━━━ RECORD EXTRACTS

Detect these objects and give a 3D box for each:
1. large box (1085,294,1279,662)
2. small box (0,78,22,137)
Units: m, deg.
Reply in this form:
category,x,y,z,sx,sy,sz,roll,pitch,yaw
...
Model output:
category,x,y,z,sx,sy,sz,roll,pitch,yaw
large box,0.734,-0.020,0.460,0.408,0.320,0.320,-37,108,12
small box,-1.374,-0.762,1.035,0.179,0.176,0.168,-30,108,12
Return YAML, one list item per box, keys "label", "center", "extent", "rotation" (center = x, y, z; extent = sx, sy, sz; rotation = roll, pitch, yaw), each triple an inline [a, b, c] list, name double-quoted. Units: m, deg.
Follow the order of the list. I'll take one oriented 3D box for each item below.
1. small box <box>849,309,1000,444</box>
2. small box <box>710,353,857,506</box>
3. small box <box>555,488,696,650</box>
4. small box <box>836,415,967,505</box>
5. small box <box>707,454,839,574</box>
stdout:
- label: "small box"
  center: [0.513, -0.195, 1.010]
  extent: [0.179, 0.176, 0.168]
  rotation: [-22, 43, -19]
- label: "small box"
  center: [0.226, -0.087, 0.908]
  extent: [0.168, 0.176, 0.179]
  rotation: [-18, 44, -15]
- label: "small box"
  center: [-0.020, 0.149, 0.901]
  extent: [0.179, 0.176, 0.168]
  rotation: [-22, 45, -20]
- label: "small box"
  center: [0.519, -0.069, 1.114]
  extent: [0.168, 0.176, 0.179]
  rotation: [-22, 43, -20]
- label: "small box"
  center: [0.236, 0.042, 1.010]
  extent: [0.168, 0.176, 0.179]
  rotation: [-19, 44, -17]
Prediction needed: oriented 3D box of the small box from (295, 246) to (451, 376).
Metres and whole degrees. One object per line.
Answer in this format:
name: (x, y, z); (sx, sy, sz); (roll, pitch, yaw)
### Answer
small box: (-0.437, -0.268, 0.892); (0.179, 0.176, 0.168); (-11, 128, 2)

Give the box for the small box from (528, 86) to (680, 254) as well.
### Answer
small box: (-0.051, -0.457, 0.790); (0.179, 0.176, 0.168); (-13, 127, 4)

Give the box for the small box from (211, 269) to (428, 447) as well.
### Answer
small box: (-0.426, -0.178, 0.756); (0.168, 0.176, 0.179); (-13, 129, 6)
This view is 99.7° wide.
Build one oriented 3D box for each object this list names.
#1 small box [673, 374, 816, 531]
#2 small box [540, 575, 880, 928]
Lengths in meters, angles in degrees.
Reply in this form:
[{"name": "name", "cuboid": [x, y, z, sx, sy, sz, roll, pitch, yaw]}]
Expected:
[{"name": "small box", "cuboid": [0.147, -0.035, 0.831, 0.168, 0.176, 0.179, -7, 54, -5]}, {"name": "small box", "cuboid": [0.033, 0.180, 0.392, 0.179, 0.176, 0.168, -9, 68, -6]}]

━━━━━━

■ WORK TO COMPLETE: Take every line from the listing above that includes the word "each" and copy it.

■ ANSWER TO THIS EXERCISE:
Detect these objects and give a 3D box for each:
Return YAML, one list item per box, keys "label", "center", "extent", "rotation" (center = x, y, z; extent = sx, sy, sz; rotation = roll, pitch, yaw), each triple an inline [a, b, c] list, name double-quoted. Units: m, deg.
Follow the order of the list. I'll take one oriented 3D box for each item below.
Build one oriented 3D box for each object this list names.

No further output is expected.